After initial work on the ionization potential of metal vapors, Lawrence invented the cyclotron in 1929 , which he used to bombard various elements with accelerated particles. The particle bombardment has, on rare occasions, produced entirely new elements as well as hundreds of previously unknown radioactive isotopes of known elements. He applied for US patent protection for his invention on January 26, 1932 , which was granted to him on February 20, 1934. With a more powerful cyclotron, he was able to produce the mesons known from cosmic rays for the first time in 1941 , and later he extended his studies to include antiparticles .

Along with his brother , John H. Lawrence , who became director of the university's Laboratory for Medical Physics, he also explored the medical and biological applications of the cyclotron and became an advisor to the Institute for Cancer Research at Columbia.

Lawrence was instrumental in the development of the atomic bomb during World War II , after the war he campaigned for a ban on nuclear testing and was a member of the US delegation to the 1958 Geneva conference that discussed the issue.

Recognition and Awards

Lawrence was elected to the National Academy of Sciences in 1934 and to the American Academy of Arts and Sciences in 1937. From 1942 he was an honorary member of the USSR Academy of Sciences and from 1946 an Honorary Fellow of the Royal Society of Edinburgh .

He was awarded the Nobel Prize in Physics in 1939 for the invention and further development of the cyclotron and for the results achieved with it, in particular the production of artificial radioactive elements . The 103rd element of the chemical periodic table, lawrencium (Lr), was named after him.

The lunar crater Lawrence is named after him and the astronaut Robert Henry Lawrence Jr. The biennial Ernest Orlando Lawrence Prize , awarded by the Atomic Energy Commission , is dedicated to him.
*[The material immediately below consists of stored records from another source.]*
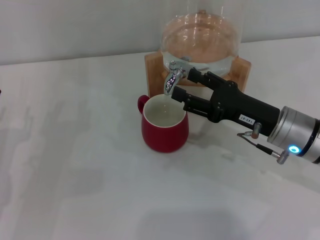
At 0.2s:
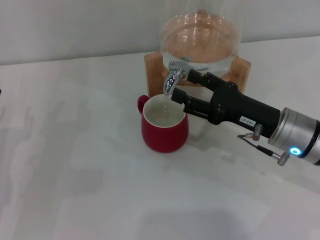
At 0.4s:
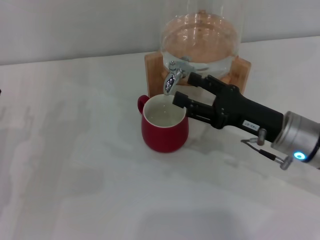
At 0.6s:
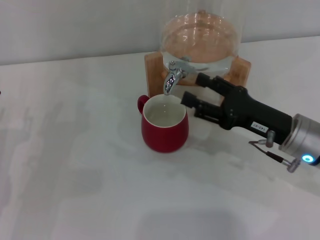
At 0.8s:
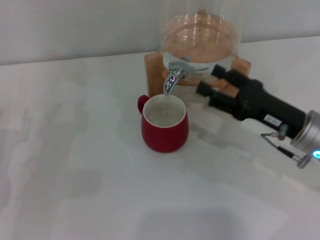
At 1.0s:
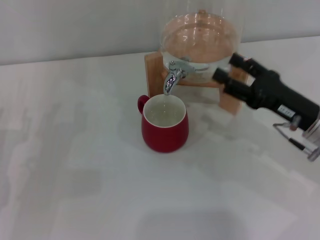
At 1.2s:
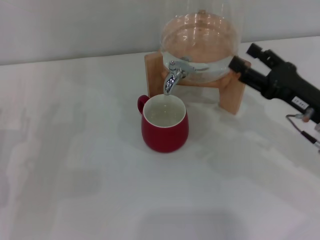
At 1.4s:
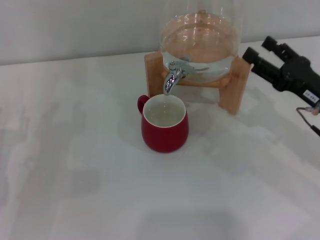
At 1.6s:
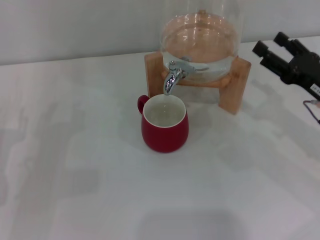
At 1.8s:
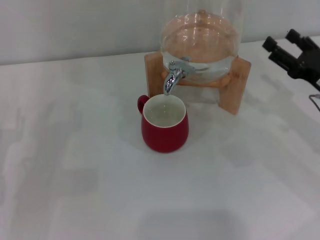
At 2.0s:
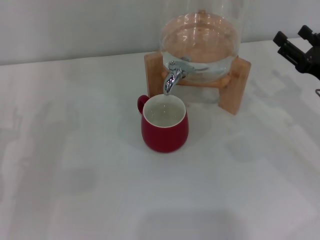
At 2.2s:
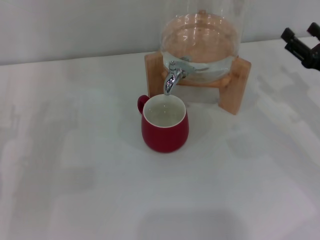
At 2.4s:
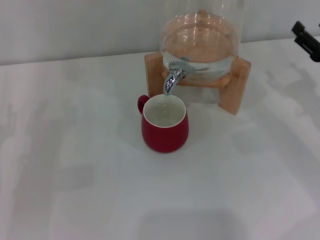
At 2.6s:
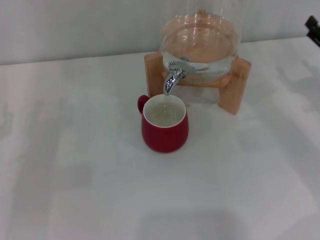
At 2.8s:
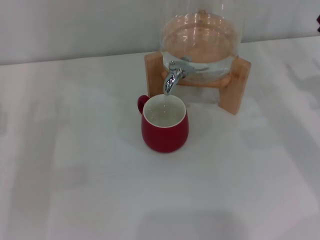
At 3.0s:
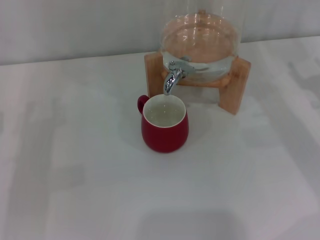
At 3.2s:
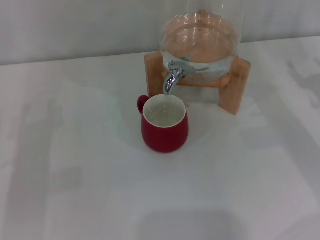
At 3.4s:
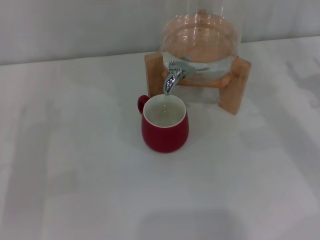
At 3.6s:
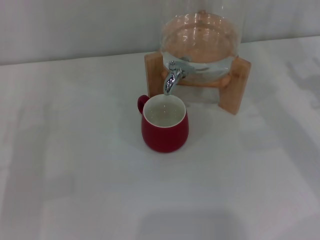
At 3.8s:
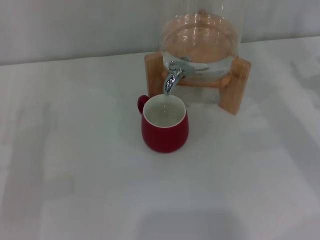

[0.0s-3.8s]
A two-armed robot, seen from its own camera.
Task of the whole recording: the left gripper pick up the red cup and place it horizontally under the faucet, the right gripper turn on the faucet to fill the cup, and then turn off the faucet.
0.0s to 1.2s: The right gripper heads to the right, covering some 5 cm.
1.2s to 2.6s: The right gripper moves to the right, about 10 cm.
2.6s to 3.8s: The grippers make only small movements.

The Lawrence Livermore National Laboratory and the Ernest Orlando Lawrence Berkeley National Laboratory are named after him.

literature

  • Luis Walter Alvarez : Ernest Orlando Lawrence, Biographical Memoirs National Academy of Sciences, 1970, pdf
  • Herbert Childs, An American Genius: The Life of Ernest Orlando Lawrence, Father of the Cyclotron , New York: Dutton 1968
  • John L. Heilbron : Lawrence and his Laboratory: A History of the Lawrence Berkeley Laboratory , University of California Press 1989
  • Gregg Herken : Brotherhood of the Bomb: The Tangled Lives and Loyalties of Robert Oppenheimer, Ernest Lawrence, and Edward Teller , Henry Holt and Co. 2002
  • Michael Hiltzik: Big Science: Ernest Lawrence and the Invention that Launched the Military-Industrial Complex , Simon & Schuster 2015

web links

Commons : Ernest O. Lawrence  - Album with pictures, videos and audio files

itemizations

  1. Members of the American Academy. Listed by election year, 1900–1949 ( PDF ). Retrieved September 27, 2015
  2. Foreign members of the Russian Academy of Sciences since 1724. Ernest Orlando Lawrence. Russian Academy of Sciences, accessed September 28, 2015 (English).
  3. Fellows Directory. Biographical Index: Former RSE Fellows 1783-2002. (PDF file) Royal Society of Edinburgh, accessed 31 December 2019 .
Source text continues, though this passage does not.